In slam, there are still a lot of applications about gradient descent in machine learning, but it is not very clear about the concepts such as "reverse gradient direction is the fastest direction for partial decline of function values, some of your understanding is attached below.
Glossary:
Gradient:
A gradient is a vector that indicates that the direction derivative of a function at this point is maximized along this direction, that is, the function is the fastest changing along the gradient direction at this point.
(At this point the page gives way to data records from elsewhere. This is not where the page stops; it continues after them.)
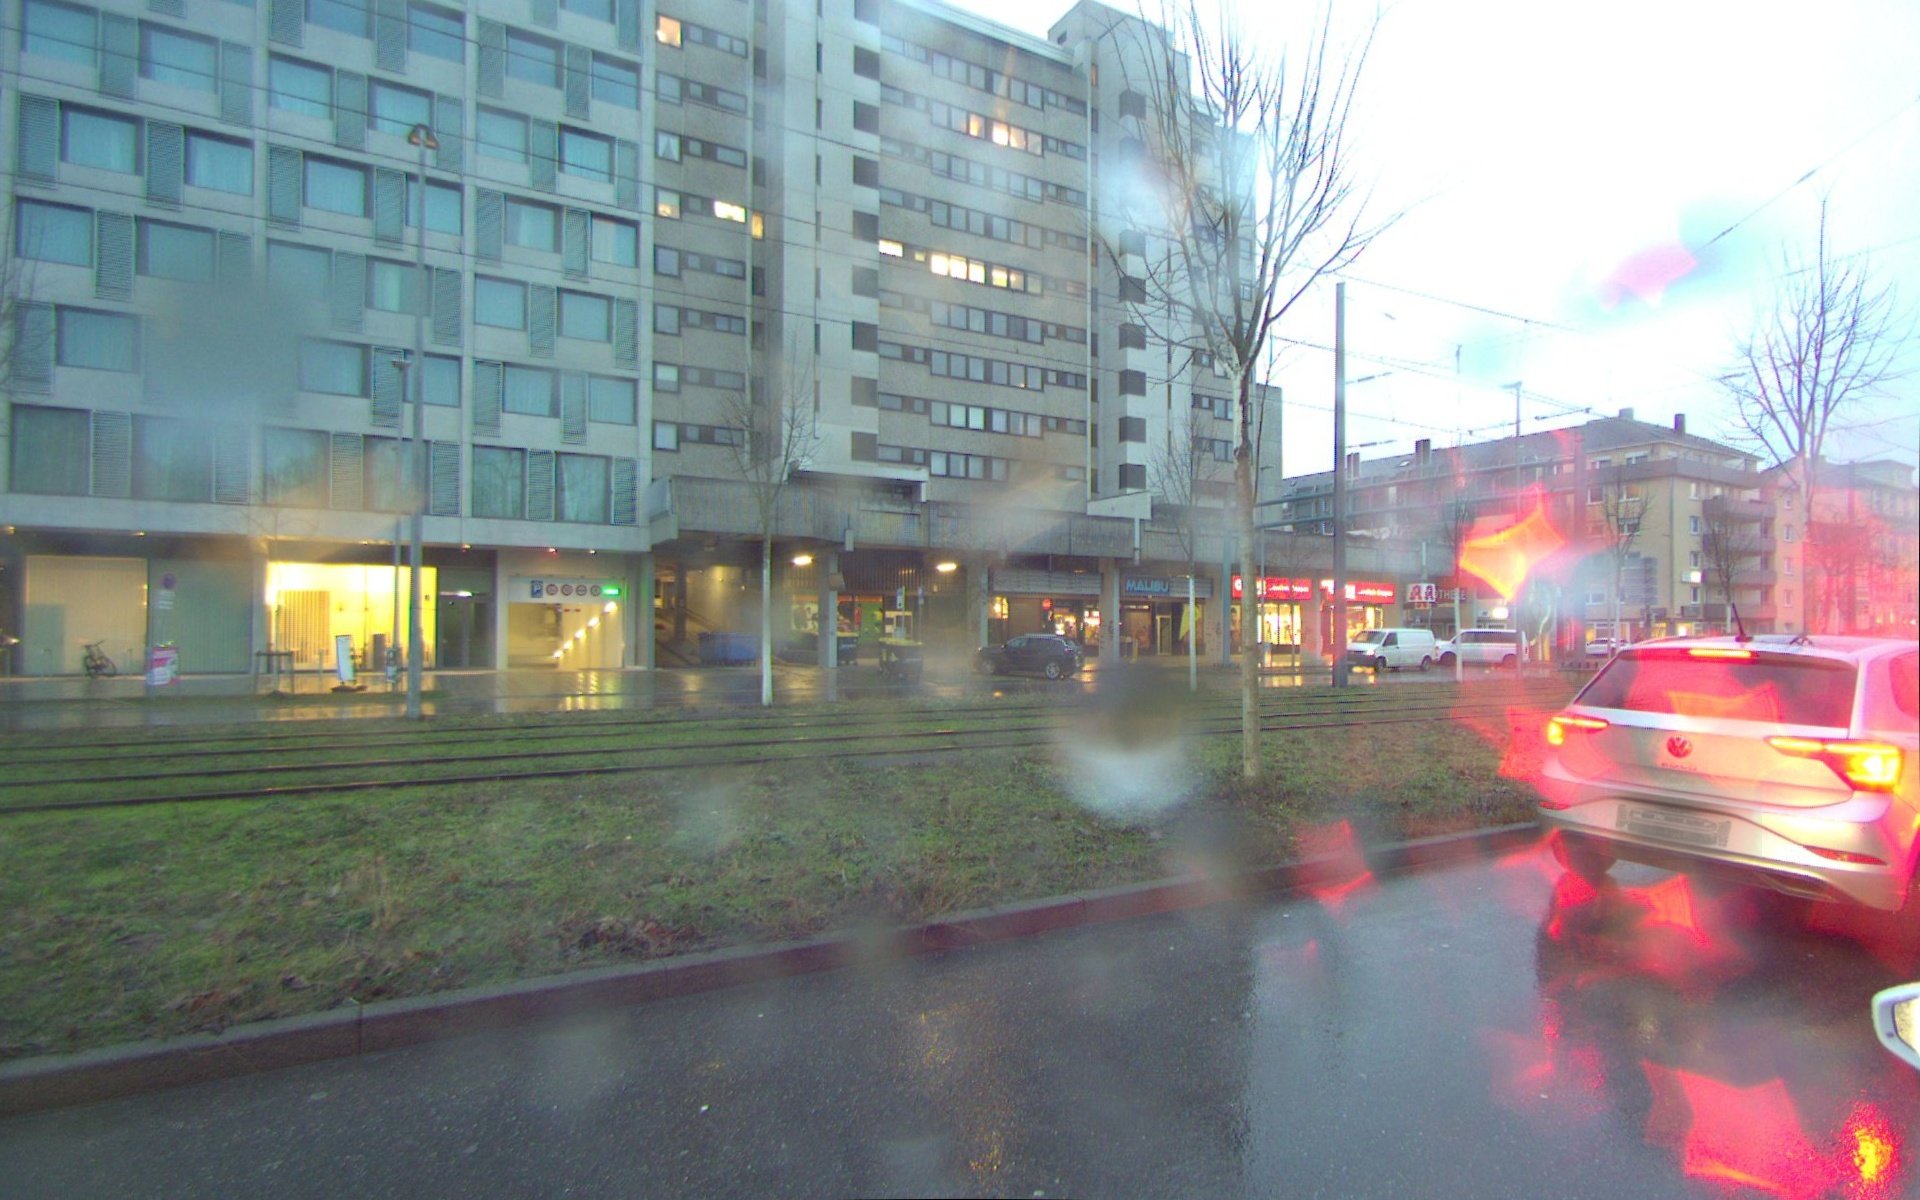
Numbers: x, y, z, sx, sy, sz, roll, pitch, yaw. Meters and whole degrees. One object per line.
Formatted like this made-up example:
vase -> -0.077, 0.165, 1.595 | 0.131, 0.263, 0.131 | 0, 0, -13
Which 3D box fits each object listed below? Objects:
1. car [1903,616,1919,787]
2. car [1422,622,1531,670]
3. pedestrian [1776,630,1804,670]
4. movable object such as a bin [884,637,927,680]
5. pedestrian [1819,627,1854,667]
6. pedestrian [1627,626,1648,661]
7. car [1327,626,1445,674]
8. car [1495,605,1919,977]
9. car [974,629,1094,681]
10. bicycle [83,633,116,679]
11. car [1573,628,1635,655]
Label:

Located in the plane area D with a first-order continuous partial derivative, is a unit vector, if the following limit value exists
This derivative is recorded
The limit value is the derivative along the direction, so we can find the direction derivative in any direction.
The simplified calculation is as follows:
Set,
Then we can get:
(For the angle between the vector and the vector)
At this time, if we want to obtain the maximum value, that is, when it is 0 degrees, that is, the vector (this direction is always changing, and we are looking for the fastest change direction of a function) when it is parallel to a vector (when the point in this direction is fixed, it is fixed), the direction derivative is the largest. the biggest derivative of the direction is the unit step, and the function value changes the fastest in the reverse direction.
The fastest way to drop function values is in the same direction as the vector. so now I name vector A as a gradient (when a point is determined, the gradient direction is determined), that is, why the gradient direction is the biggest direction of the Function Change Rate !!!
Then, you can find the fastest way to decrease the gradient.
The reverse gradient direction is the fastest possible direction for local decline of function values.